Aim for around 1GB per file (spark partition) (1).

Ideally, you would use snappy compression (default) due to snappy compressed parquet files being splittable (2).

Using snappy instead of gzip will significantly increase the file size, so if storage space is an issue, that needs to be considered.

.option("compression", "gzip") is the option to override the default snappy compression.

If you need to resize/repartition your Dataset/DataFrame/RDD, call the .coalesce(<num_partitions> or worst case .repartition(<num_partitions>) function. Warning: repartition especially but also coalesce can cause a reshuffle of the data, so use with some caution.

Also, parquet file size and for that matter all files generally should be greater in size than the HDFS block size (default 128MB).

1) https://forums.databricks.com/questions/101/what-is-an-optimal-size-for-file-partitions-using.html 2) http://boristyukin.com/is-snappy-compressed-parquet-file-splittable/

Solution 2:

Notice that Parquet files are internally split into row groups

parquet layout

https://parquet.apache.org/documentation/latest/

So by making parquet files larger, row groups can still be the same if your baseline parquet files were not small/tiny.
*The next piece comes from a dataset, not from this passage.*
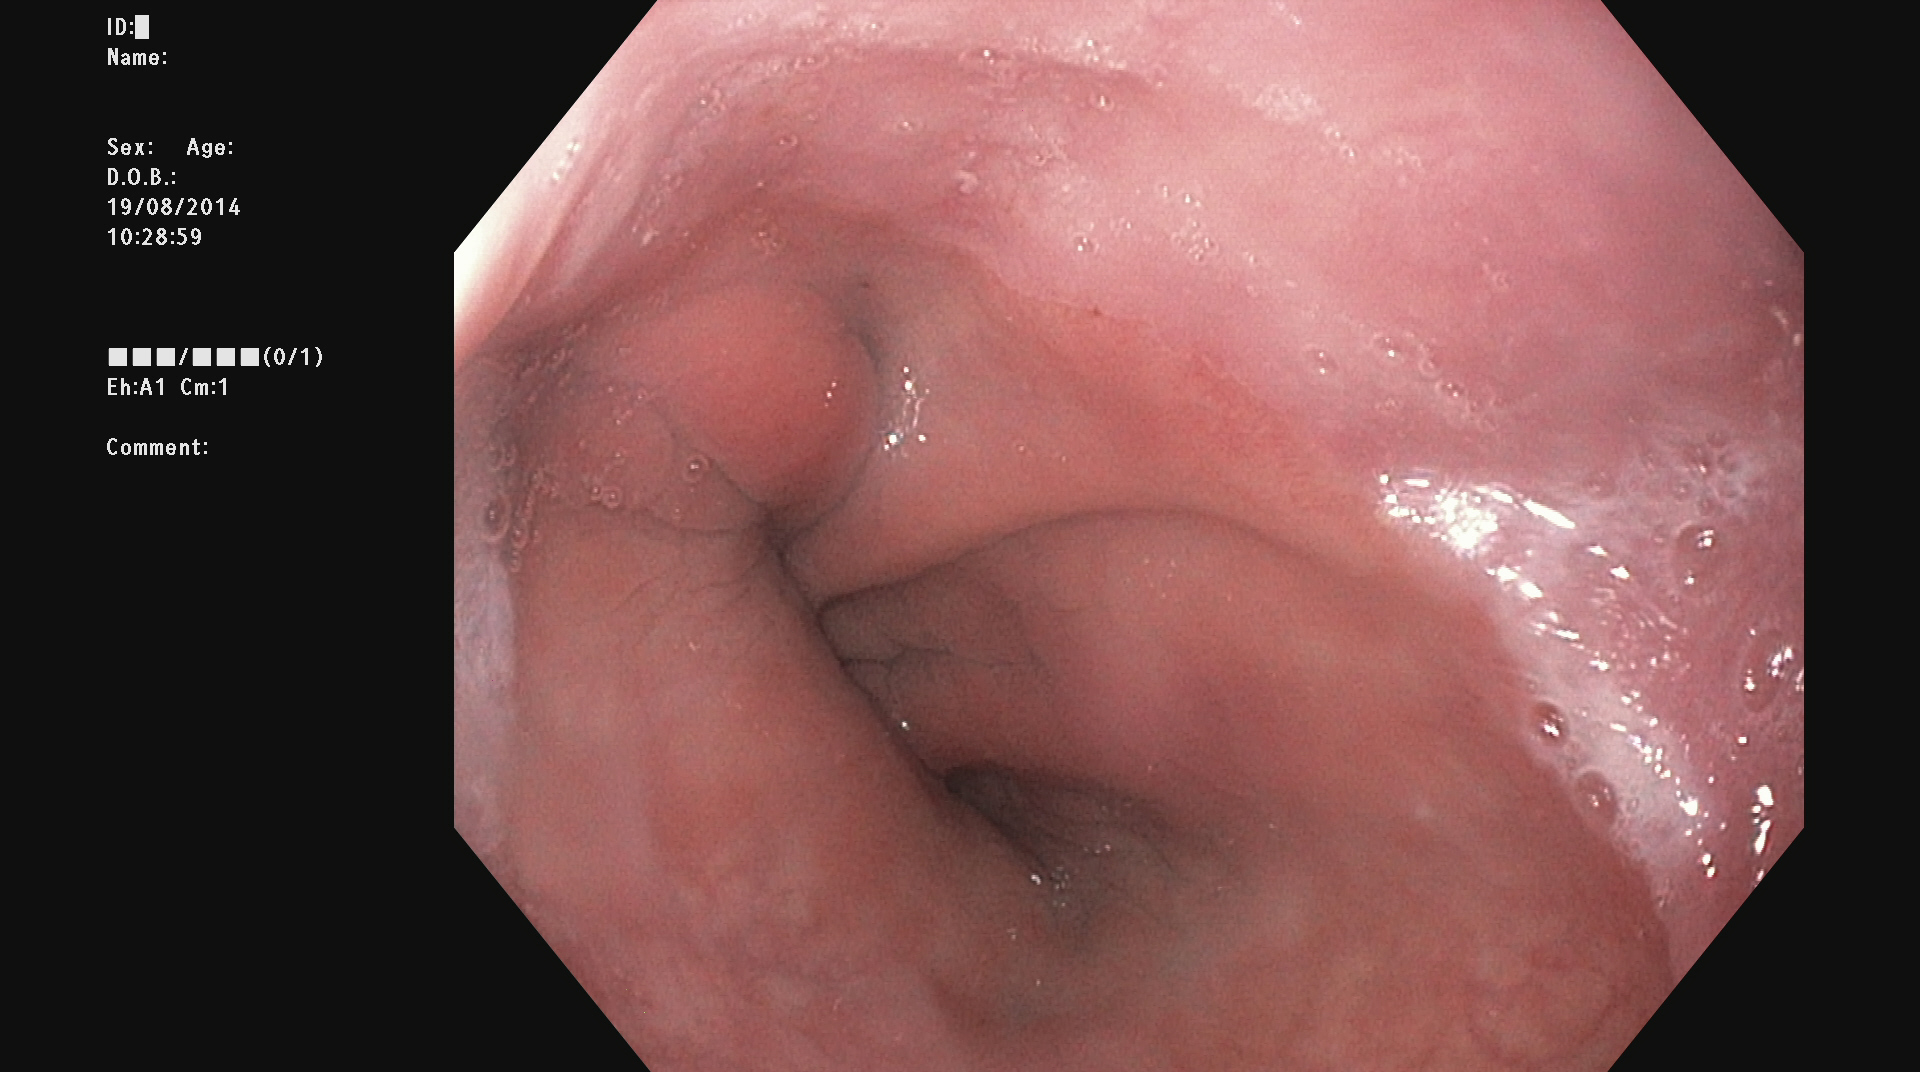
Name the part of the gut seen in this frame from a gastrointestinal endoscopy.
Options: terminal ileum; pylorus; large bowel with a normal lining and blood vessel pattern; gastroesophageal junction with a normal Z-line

There is no huge direct penalty on processing, but opposite, there are more opportunities for readers to take advantage of perhaps larger/ more optimal row groups if your parquet files were smaller/tiny for example as row groups can't span multiple parquet files.

Also larger parquet files don't limit parallelism of readers, as each parquet file can be broken up logically into multiple splits (consisting of one or more row groups).

The only downside of larger parquet files is it takes more memory to create them. So you can watch out if you need to bump up Spark executors' memory.

row groups are a way for Parquet files to have vertical partitioning. Each row group has many row chunks (one for each column, a way to provide horizontal partitioning for the datasets in parquet).